The OCS leasing struggle

Dec. 11, 2006
Meager offshore oil and gas leasing reform tested political winds in the US House of Representatives Dec. 5 and nearly got blown away.

Meager offshore oil and gas leasing reform tested political winds in the US House of Representatives Dec. 5 and nearly got blown away. At this writing, the effort was trying to skirt opposition in the final days of the 109th Congress as an attachment to unrelated legislation.

The bill, which would open 8.3 million acres of the Outer Continental Shelf in the eastern Gulf of Mexico, is far less aggressive than a measure the House passed in July. Still, supporters had to withdraw it when they sensed trouble winning the two-thirds majority required for passage under special rules for expeditious handling. At midweek, MSNBC reported that leasing reform was one of several bills drawn to renewal of tax cuts as a possible vehicle through the House.

Acting on supply

Trouble passing the lesser of two OCS leasing measures typifies the 109th Congress. This is the Congress that produced the sweeping Energy Policy Act of 2005, a marvel of bipartisan deal-making notable mostly for pushing the US toward the nationalization of fuel choice. It’s the Congress that chose to address outside its deliberations on “energy policy” the question of how the world’s single biggest energy-consuming country can preclude leasing of 85% of its offshore territory. It’s the Congress that, when it did take up leasing reform, acted with awesome timidity. It’s the Congress that stayed reluctant to the bitter end to act substantially on energy supply.

Voters should remember this performance if the US winter is as cold as the last weeks of autumn. That leasing reform in any configuration survived this long is in fact a political triumph born of stressful prices for natural gas. States with industries hurt by expensive gas, some of them in the US interior, have learned that OCS access serves general interests and not just those of oil companies and coastal communities. This is ideological progress. But the legislative payoff, if any, will fall far short of what the US needs.

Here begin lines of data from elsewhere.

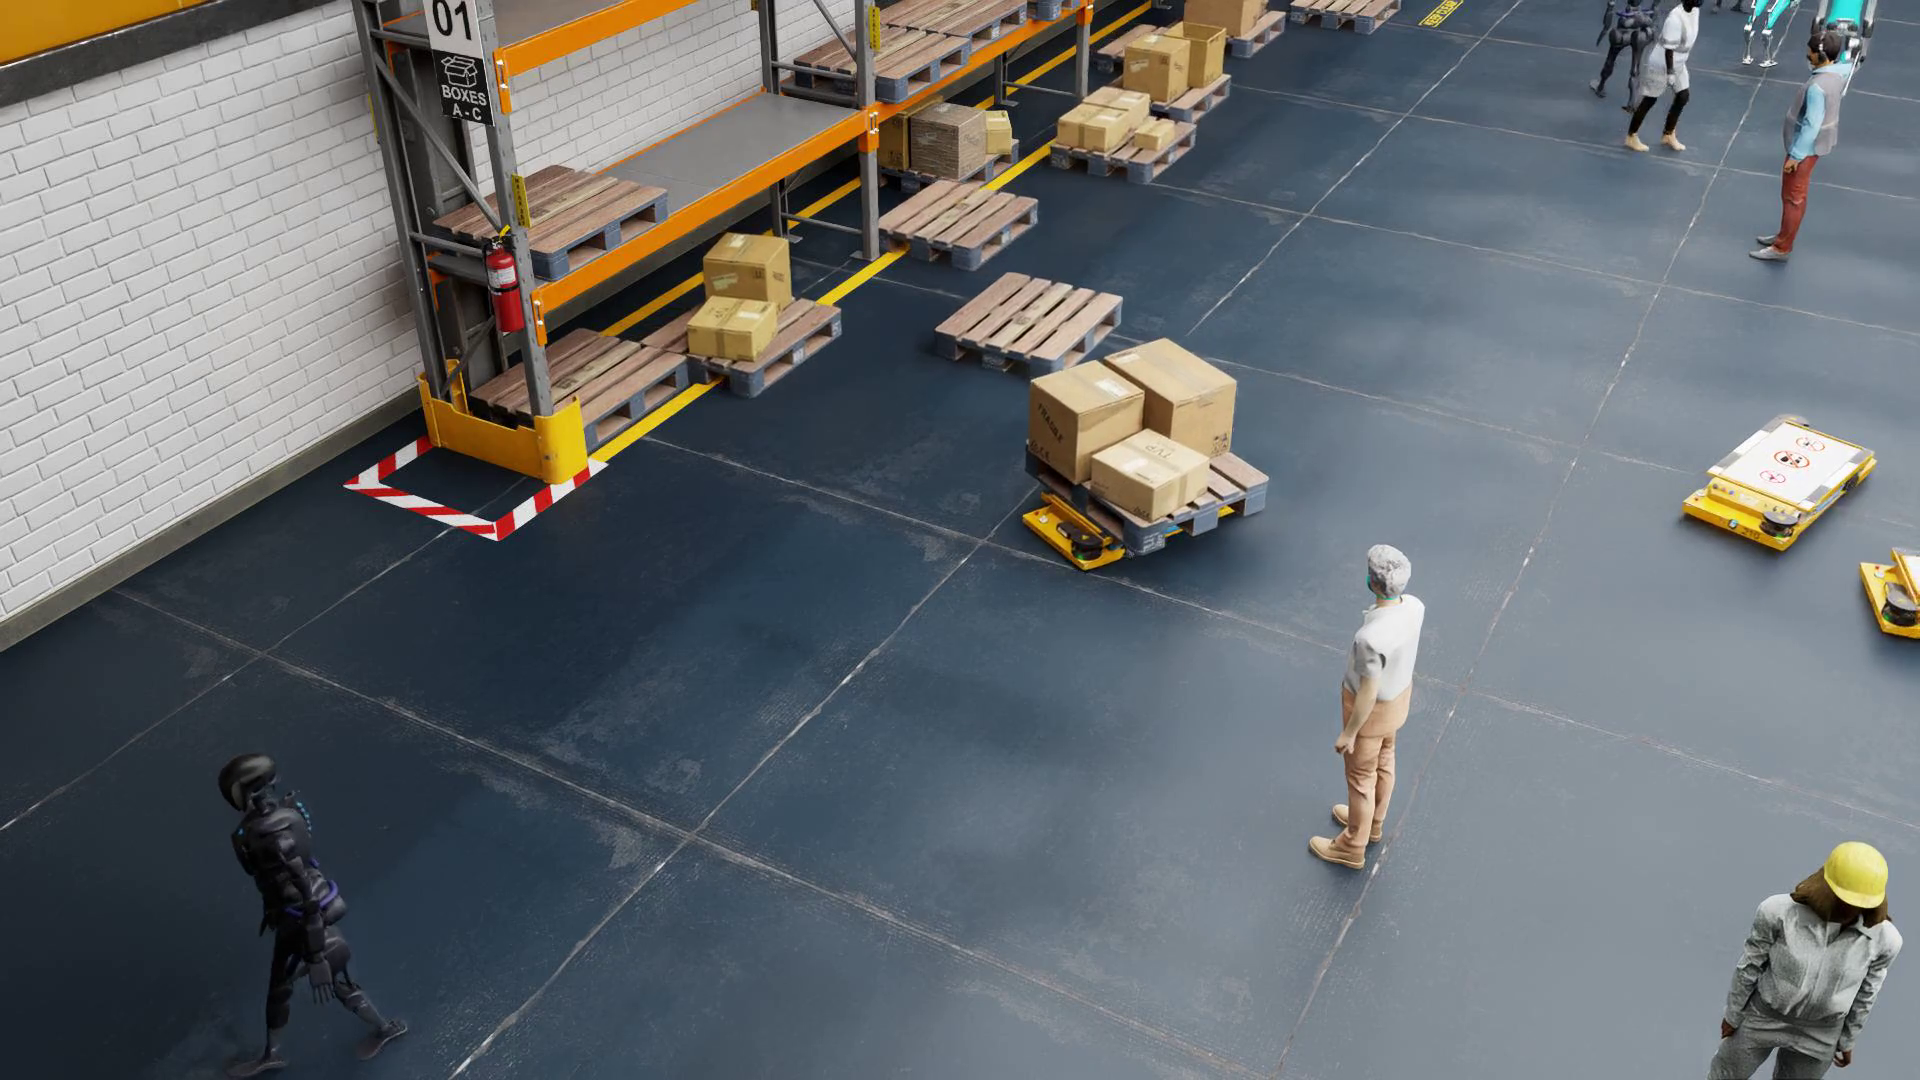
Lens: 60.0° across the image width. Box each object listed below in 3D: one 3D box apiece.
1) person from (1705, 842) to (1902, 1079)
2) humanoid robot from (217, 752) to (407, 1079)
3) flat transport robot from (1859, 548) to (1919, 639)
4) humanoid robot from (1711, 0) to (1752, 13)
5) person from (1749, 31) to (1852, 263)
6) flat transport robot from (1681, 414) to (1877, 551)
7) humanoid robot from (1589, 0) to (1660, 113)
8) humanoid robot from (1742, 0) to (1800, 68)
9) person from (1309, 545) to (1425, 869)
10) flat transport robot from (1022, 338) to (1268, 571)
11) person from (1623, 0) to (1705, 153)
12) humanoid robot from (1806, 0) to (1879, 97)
[{"bbox_3d":[3.059,1.779,6.118,0.485,1.745,0.292,9,34,13],"label":"person"},{"bbox_3d":[-2.657,1.544,6.569,0.670,1.642,0.609,-27,42,-34],"label":"humanoid robot"},{"bbox_3d":[6.026,0.382,9.571,1.431,0.231,0.659,7,34,11],"label":"flat transport robot"},{"bbox_3d":[9.219,-6.978,19.435,0.616,1.638,0.392,-5,34,-8],"label":"humanoid robot"},{"bbox_3d":[6.858,-3.173,13.490,0.414,1.877,0.534,21,39,28],"label":"person"},{"bbox_3d":[5.317,-0.393,10.743,1.431,0.231,0.659,-28,43,-35],"label":"flat transport robot"},{"bbox_3d":[6.749,-5.194,16.764,0.591,1.621,0.780,-4,34,-6],"label":"humanoid robot"},{"bbox_3d":[8.551,-5.811,17.487,0.533,1.677,0.735,28,43,35],"label":"humanoid robot"},{"bbox_3d":[1.885,0.774,7.641,0.326,1.742,0.483,24,40,32],"label":"person"},{"bbox_3d":[1.164,-0.234,10.502,1.431,0.231,0.659,-20,38,-27],"label":"flat transport robot"},{"bbox_3d":[6.702,-4.423,15.563,0.662,1.665,0.587,28,43,35],"label":"person"},{"bbox_3d":[8.235,-4.504,15.666,0.549,1.790,0.894,14,36,20],"label":"humanoid robot"}]

The bill seeking a path of least resistance through the House last week was one passed in August by the Senate, which refused to consider the broader legislation that the House passed in June. The Senate bill makes opening of the eastern gulf acreage palatable to Floridian lawmakers by precluding leasing until June 30, 2020, of acreage 125 miles off Florida’s western coast and 100 miles off the panhandle. It also allows Gulf Coast states to share 37.5% of future OCS revenue up to a $500 million limit (OGJ, Aug. 7, 2006, p. 24).

The House bill would have made possible the lifting of leasing moratoriums across the whole OCS. Moratoriums would have ended automatically for federal acreage 100 miles or more offshore. Coastal states could have blocked federal leasing 50-100 miles offshore. And leasing would have been prohibited within 50 miles of shore except where affected states rescinded the ban.

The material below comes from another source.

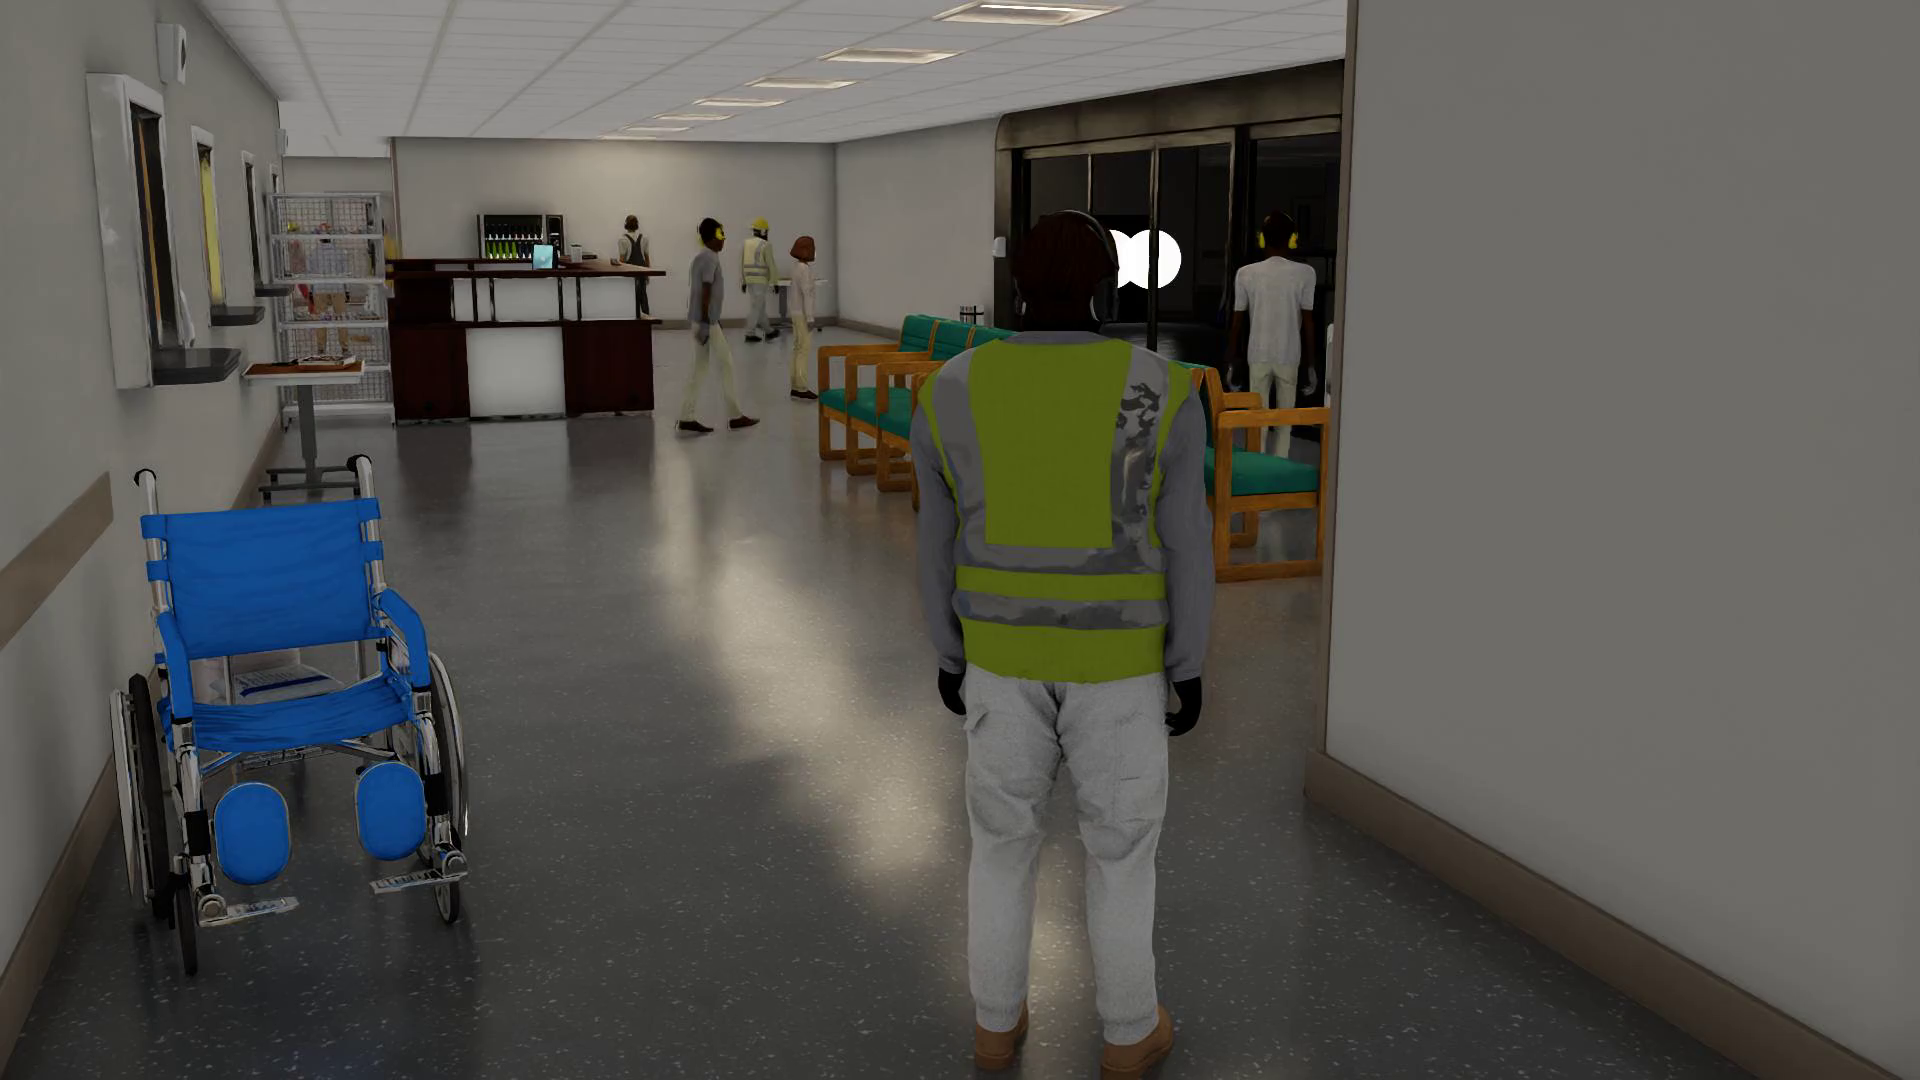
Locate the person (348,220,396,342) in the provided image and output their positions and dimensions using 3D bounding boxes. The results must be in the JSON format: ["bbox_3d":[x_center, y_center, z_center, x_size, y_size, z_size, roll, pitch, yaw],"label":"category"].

Beyond the controversial ending of moratoriums long in effect, the House bill poisoned itself in at least two other ways. To entice states to approve leasing, it would have shared federal revenue without limits. And it provided for gas-only leases. The White House Office of Management and Budget, in addition to some leasing supporters in the Senate, objected to fiscal consequences of the revenue-sharing provision and to administrative challenges of the gas-only leases (OGJ, July 10, 2006, p. 22). Senators promised not to consider the House bill if it went to a conference for reconciliation with their narrower measure. If there was to be any leasing reform, therefore, it would be the Senate bill, which the House had to pass before adjournment last week.

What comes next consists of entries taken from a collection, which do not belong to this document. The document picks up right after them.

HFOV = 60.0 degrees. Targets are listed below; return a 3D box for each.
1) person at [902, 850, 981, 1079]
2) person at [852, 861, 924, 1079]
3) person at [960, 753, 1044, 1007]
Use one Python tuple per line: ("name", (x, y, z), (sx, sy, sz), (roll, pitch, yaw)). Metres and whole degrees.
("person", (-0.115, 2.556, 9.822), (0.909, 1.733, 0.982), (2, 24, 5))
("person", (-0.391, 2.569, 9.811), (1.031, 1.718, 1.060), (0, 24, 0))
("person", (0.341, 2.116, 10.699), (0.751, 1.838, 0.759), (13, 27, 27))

The something-beats-nothing argument has been made in this space before (OGJ, Aug. 7, 2006, p. 19). It’s worth repeating that any bill expanding OCS acreage available for oil and gas leasing bears historic significance. But the energy significance is a direct function of the amount of acreage involved. By that test, the Senate bill didn’t amount to much. It apparently requires a cold winter to underscore what still needs to be done.